A polar ice sheet lodged itself atop the entrance to Hell this afternoon, as the House of Representatives passed, by an overwhelming bipartisan margin of 392-37, a fix to the Medicare formula for reimbursing doctors, putting Congress on the brink of ending a saga that has been marked by punts and short term fixes for well over a decade. According to Sahil Kapur’s report from the House floor, the celebratory outbreak rivaled the victory parades that marked the end of World War II:

Everyone from Speaker John Boehner to Minority Leader Nancy Pelosi to their deputies and committee leaders and underlings sang the praises of a massive Medicare overhaul bill, giving the equivalent of Oscar acceptance speeches by effusively thanking their staff and colleagues for making it happen….
“Don’t look now,” said Rep. Renee Ellmers (R-NC), “but we are actually governing.”

Don’t expect it to last. While there’s been a lot of chatter about how the bipartisan deal on the Medicare “doc fix” could herald a new era in which John Boehner stiff-arms the right to make legislative compromises with Democrats, there are reasons to assume that there could still be plenty of chaos ahead.

To be sure, the Medicare doc fix deal is an achievement. The liberal Center on Budget and Policy Priorites and the Center for American Progress both endorsed the deal: It brings stability and certainty, the means for paying for it is acceptable (it’s mostly by raising premiums on very affluent beneficiaries), and it extends the Children’s Health Insurance Program and funding for community health centers.

Senate Democrats continue to block the compromise out of concerns over abortion language. But as Danny Vinik writes, it is a genuine compromise, and it’s probably only a matter of time until Senate Dems cave. After all, it has been endorsed by Nancy Pelosi and has now passed the House by overwhelming margins.

But that doesn’t necessarily mean this portends lots more compromise ahead.

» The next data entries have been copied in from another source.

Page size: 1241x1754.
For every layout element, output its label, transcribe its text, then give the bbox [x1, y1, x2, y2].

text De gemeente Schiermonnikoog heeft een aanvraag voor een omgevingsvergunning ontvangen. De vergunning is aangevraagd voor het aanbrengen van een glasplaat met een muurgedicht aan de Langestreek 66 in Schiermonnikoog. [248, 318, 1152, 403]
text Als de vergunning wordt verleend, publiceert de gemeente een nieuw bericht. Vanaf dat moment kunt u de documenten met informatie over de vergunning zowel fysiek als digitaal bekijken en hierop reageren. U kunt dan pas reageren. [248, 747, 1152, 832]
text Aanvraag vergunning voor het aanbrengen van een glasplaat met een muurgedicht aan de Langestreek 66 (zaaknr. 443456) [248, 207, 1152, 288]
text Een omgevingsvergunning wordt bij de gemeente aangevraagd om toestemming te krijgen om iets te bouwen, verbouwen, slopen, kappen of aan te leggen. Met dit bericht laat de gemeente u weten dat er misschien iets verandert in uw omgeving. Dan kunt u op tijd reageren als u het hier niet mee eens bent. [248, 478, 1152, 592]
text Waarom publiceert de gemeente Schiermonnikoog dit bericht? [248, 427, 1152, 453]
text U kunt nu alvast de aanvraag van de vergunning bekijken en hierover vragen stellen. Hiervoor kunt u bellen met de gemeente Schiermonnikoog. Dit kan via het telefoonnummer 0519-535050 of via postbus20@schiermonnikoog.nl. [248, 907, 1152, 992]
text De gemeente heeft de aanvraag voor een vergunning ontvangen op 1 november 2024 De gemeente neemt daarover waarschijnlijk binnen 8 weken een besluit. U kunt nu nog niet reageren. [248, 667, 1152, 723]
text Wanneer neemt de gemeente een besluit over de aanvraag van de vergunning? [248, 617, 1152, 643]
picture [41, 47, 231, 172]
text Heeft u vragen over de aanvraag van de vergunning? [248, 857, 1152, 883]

There are plenty of differences between this situation and the other potential chaos points that loom in coming weeks and months. For one thing, as Dem Rep. Sander Levin said on the House floor today, the basic outlines of today’s compromise have been in place for a year. For another, as Paul Kane and Jason Millman write, “a significant bloc of conservatives supported the legislation,” leading to a split among the most “rebellious” of them. So the price on the right might not be too high.

Also consider the specifics of the battles that lie ahead. The Highway Trust Fund is set to run low on money this spring, which could stall infrastructure projects around the country and cost jobs, and Republicans say they want to replenish the fund. But that will require agreeing on an actual way to pay for it, which will be harder in this case than it was for the Medicare doc fix. A short term punt is very possible here.

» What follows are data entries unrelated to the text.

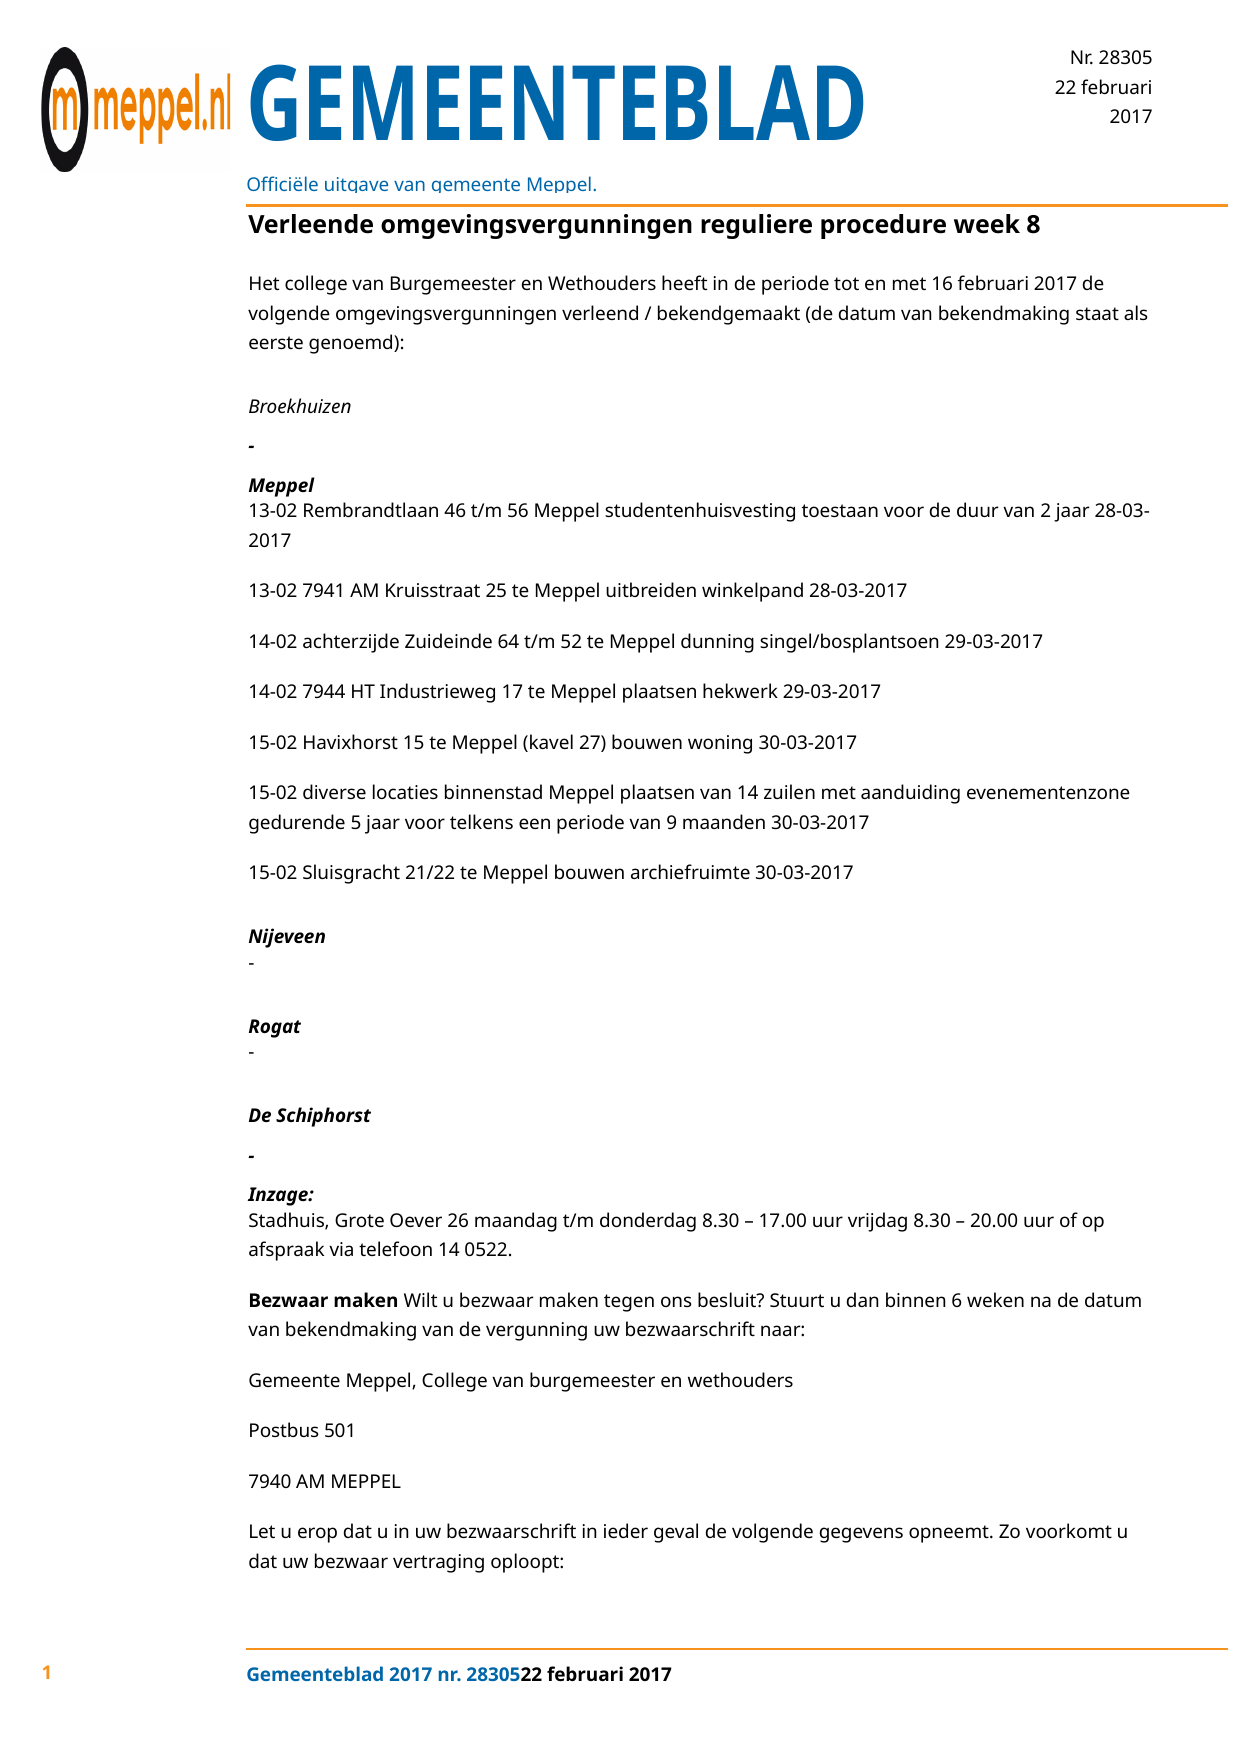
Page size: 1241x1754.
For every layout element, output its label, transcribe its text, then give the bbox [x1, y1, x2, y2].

text 14-02 achterzijde Zuideinde 64 t/m 52 te Meppel dunning singel/bosplantsoen 29-03-2017 [248, 628, 1152, 654]
text Verleende omgevingsvergunningen reguliere procedure week 8 [248, 207, 1152, 241]
text Gemeente Meppel, College van burgemeester en wethouders [248, 1367, 1152, 1393]
text 14-02 7944 HT Industrieweg 17 te Meppel plaatsen hekwerk 29-03-2017 [248, 678, 1152, 704]
text - [248, 1142, 1152, 1168]
text - [248, 1039, 1152, 1064]
text 13-02 Rembrandtlaan 46 t/m 56 Meppel studentenhuisvesting toestaan voor de duur van 2 jaar 28-03-2017 [248, 498, 1152, 553]
text - [248, 949, 1152, 975]
text Rogat [248, 1013, 1152, 1039]
text Bezwaar maken Wilt u bezwaar maken tegen ons besluit? Stuurt u dan binnen 6 weken na de datum van bekendmaking van de vergunning uw bezwaarschrift naar: [248, 1287, 1152, 1342]
text De Schiphorst [248, 1103, 1152, 1128]
text 7940 AM MEPPEL [248, 1468, 1152, 1493]
text Nijeveen [248, 923, 1152, 949]
text 15-02 Havixhorst 15 te Meppel (kavel 27) bouwen woning 30-03-2017 [248, 729, 1152, 755]
text 15-02 Sluisgracht 21/22 te Meppel bouwen archiefruimte 30-03-2017 [248, 859, 1152, 885]
text Meppel [248, 472, 1152, 498]
picture [41, 47, 231, 172]
text Postbus 501 [248, 1417, 1152, 1443]
text Het college van Burgemeester en Wethouders heeft in de periode tot en met 16 februari 2017 de volgende omgevingsvergunningen verleend / bekendgemaakt (de datum van bekendmaking staat als eerste genoemd): [248, 270, 1152, 355]
text Stadhuis, Grote Oever 26 maandag t/m donderdag 8.30 – 17.00 uur vrijdag 8.30 – 20.00 uur of op afspraak via telefoon 14 0522. [248, 1207, 1152, 1262]
text 15-02 diverse locaties binnenstad Meppel plaatsen van 14 zuilen met aanduiding evenementenzone gedurende 5 jaar voor telkens een periode van 9 maanden 30-03-2017 [248, 779, 1152, 835]
text - [248, 433, 1152, 458]
text Let u erop dat u in uw bezwaarschrift in ieder geval de volgende gegevens opneemt. Zo voorkomt u dat uw bezwaar vertraging oploopt: [248, 1518, 1152, 1573]
text 13-02 7941 AM Kruisstraat 25 te Meppel uitbreiden winkelpand 28-03-2017 [248, 578, 1152, 603]
text Inzage: [248, 1181, 1152, 1207]
text Broekhuizen [248, 393, 1152, 419]

Beyond that, another big challenge for Congress could come if the Supreme Court guts subsidies for millions in three dozen states. While House and Senate Republicans have made nice noises about offering contingency plans, their offerings have been short on specifics. It’s very hard to imagine a Republican consensus developing behind federal spending to keep those subsidies flowing, when conservatives will be agitating loudly for Republicans to get out of the way in hopes the exchanges collapse.

What about the budget and tax reform?  According to the CBPP, the Republican budgets get two thirds of their spending cuts from programs that help lower income Americans, and include zero in new revenues. There aren’t any signs Republicans intend to suddenly embrace new taxes on the wealthy, which would probably have to be part of any tax reform deal (even some reformist conservatives are urging them to accept this notion). Republicans are gearing up for a reconciliation vote to repeal Obamacare. That will be vetoed, but some Republicans are still talking about using spending battles later this year to continue targeting the health law and Obama’s environmental regulations. Not a lot of grounds for Kumbaya in this area, either.

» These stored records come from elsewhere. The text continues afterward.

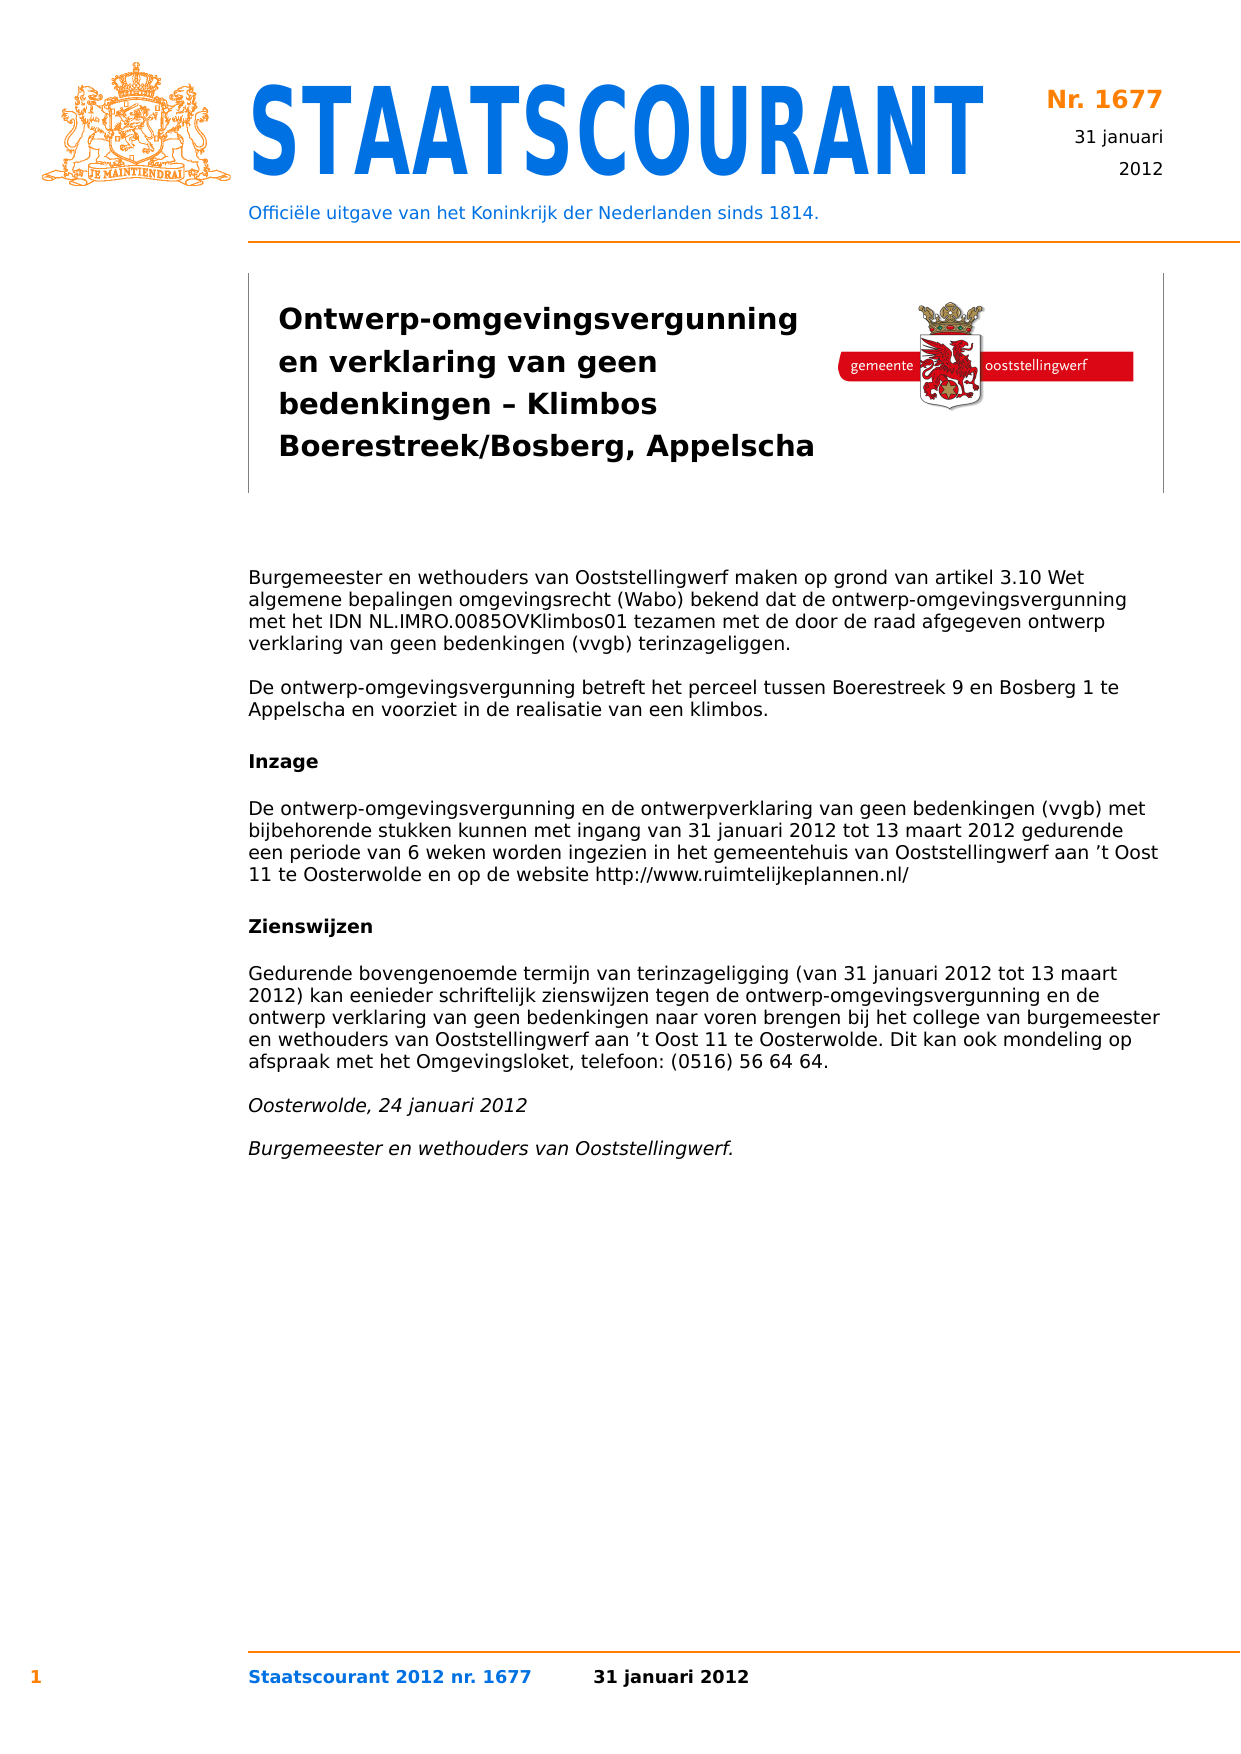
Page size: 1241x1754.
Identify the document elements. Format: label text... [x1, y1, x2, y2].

subtitle Zienswijzen [248, 916, 1163, 938]
text Burgemeester en wethouders van Ooststellingwerf maken op grond van artikel 3.10 Wet algemene bepalingen omgevingsrecht (Wabo) bekend dat de ontwerp-omgevingsvergunning met het IDN NL.IMRO.0085OVKlimbos01 tezamen met de door de raad afgegeven ontwerp verklaring van geen bedenkingen (vvgb) terinzageliggen. [248, 567, 1163, 655]
text Oosterwolde, 24 januari 2012 [248, 1094, 1163, 1116]
subtitle Ontwerp-omgevingsvergunning en verklaring van geen bedenkingen – Klimbos Boerestreek/Bosberg, Appelscha [249, 273, 1163, 493]
table_header [25, 62, 248, 241]
text De ontwerp-omgevingsvergunning betreft het perceel tussen Boerestreek 9 en Bosberg 1 te Appelscha en voorziet in de realisatie van een klimbos. [248, 677, 1163, 721]
table_cell 2012 [998, 153, 1240, 203]
text Gedurende bovengenoemde termijn van terinzageligging (van 31 januari 2012 tot 13 maart 2012) kan eenieder schriftelijk zienswijzen tegen de ontwerp-omgevingsvergunning en de ontwerp verklaring van geen bedenkingen naar voren brengen bij het college van burgemeester en wethouders van Ooststellingwerf aan ’t Oost 11 te Oosterwolde. Dit kan ook mondeling op afspraak met het Omgevingsloket, telefoon: (0516) 56 64 64. [248, 963, 1163, 1073]
table_header STAATSCOURANT [248, 62, 998, 203]
picture [41, 62, 231, 186]
text De ontwerp-omgevingsvergunning en de ontwerpverklaring van geen bedenkingen (vvgb) met bijbehorende stukken kunnen met ingang van 31 januari 2012 tot 13 maart 2012 gedurende een periode van 6 weken worden ingezien in het gemeentehuis van Ooststellingwerf aan ’t Oost 11 te Oosterwolde en op de website http://www.ruimtelijkeplannen.nl/ [248, 798, 1163, 886]
table_cell 31 januari [998, 121, 1240, 153]
text Burgemeester en wethouders van Ooststellingwerf. [248, 1138, 1163, 1160]
table_cell Officiële uitgave van het Koninkrijk der Nederlanden sinds 1814. [248, 203, 1240, 241]
table_header Nr. 1677 [998, 62, 1240, 121]
subtitle Inzage [248, 751, 1163, 773]
picture [838, 302, 1134, 415]

Then there’s the debt ceiling. Republicans will almost certainly end up caving and agreeing to a clean debt limit hike. But as we’ve repeatedly seen already, even when GOP leaders themselves publicly admit they will not allow default, they still drag us through a long bout of brinksmanship en route to that point, to prove to conservatives that they were willing to fight the good fight until the bitter end — and that brinksmanship itself risks doing damage.

So enjoy today’s victory parade while it lasts!